NVIDIA TensorRT™ LLM is an open-source library built to deliver high-performance, real-time inference optimization for large language models (LLMs) on NVIDIA GPUs—whether on a desktop or in a data center. It includes a modular Python runtime, PyTorch-native model authoring, and a stable production API. Specifically customized for NVIDIA platforms, TensorRT LLM helps developers maximize inference performance to serve more users in parallel, while minimizing operational costs and delivering blazingly fast experiences.

How TensorRT LLM Works

The latest TensorRT LLM architecture is purpose-built to streamline the developer experience—enabling faster iteration and smoother deployment without sacrificing its industry-leading inference performance.
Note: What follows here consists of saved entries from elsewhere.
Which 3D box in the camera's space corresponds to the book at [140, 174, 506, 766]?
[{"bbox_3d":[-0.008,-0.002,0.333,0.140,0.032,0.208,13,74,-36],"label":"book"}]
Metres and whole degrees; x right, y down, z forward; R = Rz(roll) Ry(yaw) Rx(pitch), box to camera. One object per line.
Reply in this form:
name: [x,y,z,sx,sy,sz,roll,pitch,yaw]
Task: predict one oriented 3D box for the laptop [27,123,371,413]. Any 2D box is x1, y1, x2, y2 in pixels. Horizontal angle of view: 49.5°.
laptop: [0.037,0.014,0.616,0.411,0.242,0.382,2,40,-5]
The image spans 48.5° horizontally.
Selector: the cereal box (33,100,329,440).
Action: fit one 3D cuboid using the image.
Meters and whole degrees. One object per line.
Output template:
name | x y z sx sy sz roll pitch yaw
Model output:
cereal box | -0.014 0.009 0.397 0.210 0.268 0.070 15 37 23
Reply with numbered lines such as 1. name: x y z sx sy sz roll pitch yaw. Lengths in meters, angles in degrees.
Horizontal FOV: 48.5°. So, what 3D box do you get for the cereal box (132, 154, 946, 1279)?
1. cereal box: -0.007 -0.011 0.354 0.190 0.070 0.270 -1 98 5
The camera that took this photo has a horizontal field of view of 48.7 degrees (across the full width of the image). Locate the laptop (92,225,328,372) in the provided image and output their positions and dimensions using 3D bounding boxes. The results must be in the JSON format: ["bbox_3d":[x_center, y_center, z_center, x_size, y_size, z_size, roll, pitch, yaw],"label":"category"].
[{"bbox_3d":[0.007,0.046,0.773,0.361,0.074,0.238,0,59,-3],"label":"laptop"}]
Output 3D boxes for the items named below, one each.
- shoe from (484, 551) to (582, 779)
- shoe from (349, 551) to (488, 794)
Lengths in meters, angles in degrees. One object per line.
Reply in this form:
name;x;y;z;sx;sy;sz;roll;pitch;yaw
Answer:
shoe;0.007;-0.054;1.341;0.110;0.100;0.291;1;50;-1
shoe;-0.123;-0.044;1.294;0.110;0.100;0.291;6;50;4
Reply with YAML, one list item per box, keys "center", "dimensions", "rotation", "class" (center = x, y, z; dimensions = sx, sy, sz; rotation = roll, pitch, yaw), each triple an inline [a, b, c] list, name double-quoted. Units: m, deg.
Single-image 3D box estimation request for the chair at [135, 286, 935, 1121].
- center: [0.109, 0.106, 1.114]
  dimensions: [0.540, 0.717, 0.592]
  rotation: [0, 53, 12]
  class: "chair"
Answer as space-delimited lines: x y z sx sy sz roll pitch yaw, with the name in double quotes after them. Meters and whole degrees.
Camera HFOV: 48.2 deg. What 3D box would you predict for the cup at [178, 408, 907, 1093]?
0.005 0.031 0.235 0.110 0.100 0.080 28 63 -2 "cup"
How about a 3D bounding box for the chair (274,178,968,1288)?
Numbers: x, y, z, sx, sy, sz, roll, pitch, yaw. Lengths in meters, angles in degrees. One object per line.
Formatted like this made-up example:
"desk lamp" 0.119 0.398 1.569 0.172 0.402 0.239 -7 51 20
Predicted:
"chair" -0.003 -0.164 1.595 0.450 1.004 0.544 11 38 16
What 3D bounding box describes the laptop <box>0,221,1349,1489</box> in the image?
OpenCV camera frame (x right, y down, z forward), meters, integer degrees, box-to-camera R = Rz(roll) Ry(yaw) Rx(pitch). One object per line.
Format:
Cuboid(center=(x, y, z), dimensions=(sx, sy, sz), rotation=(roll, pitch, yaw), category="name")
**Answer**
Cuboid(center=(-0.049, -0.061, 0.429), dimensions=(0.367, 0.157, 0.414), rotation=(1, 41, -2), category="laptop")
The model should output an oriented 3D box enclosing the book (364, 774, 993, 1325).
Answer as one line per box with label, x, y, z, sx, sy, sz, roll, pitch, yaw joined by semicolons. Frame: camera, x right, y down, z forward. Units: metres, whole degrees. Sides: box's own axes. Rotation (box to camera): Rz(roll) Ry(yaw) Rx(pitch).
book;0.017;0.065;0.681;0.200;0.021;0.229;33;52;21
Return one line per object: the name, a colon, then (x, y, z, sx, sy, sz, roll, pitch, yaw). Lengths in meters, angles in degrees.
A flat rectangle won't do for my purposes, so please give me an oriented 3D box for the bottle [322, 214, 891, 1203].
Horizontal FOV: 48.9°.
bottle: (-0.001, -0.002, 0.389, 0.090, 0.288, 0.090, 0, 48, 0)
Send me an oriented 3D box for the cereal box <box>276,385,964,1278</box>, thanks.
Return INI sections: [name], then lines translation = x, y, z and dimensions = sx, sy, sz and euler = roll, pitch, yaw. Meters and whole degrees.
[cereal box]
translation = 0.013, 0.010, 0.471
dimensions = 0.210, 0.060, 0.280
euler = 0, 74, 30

The architecture provides easy-to-use Python APIs, a simple CLI, PyTorch model authorship, and an extensible Python framework to enable innovation.



Optimized for peak performance on NVIDIA platforms, TensorRT LLM leverages deep hardware-software integration to deliver unmatched efficiency and speed for LLM inference. Kernels specially designed for NVIDIA hardware achieve peak performance for common LLM inference operations, and runtime optimizations drive GPU utilization and end-user response speeds. Key optimizations include FP8 and NVFP4 quantization, disaggregated serving, parallelization techniques, including wide expert parallelism (EP), and advanced speculative decoding techniques, including EAGLE-3 and multi-token prediction.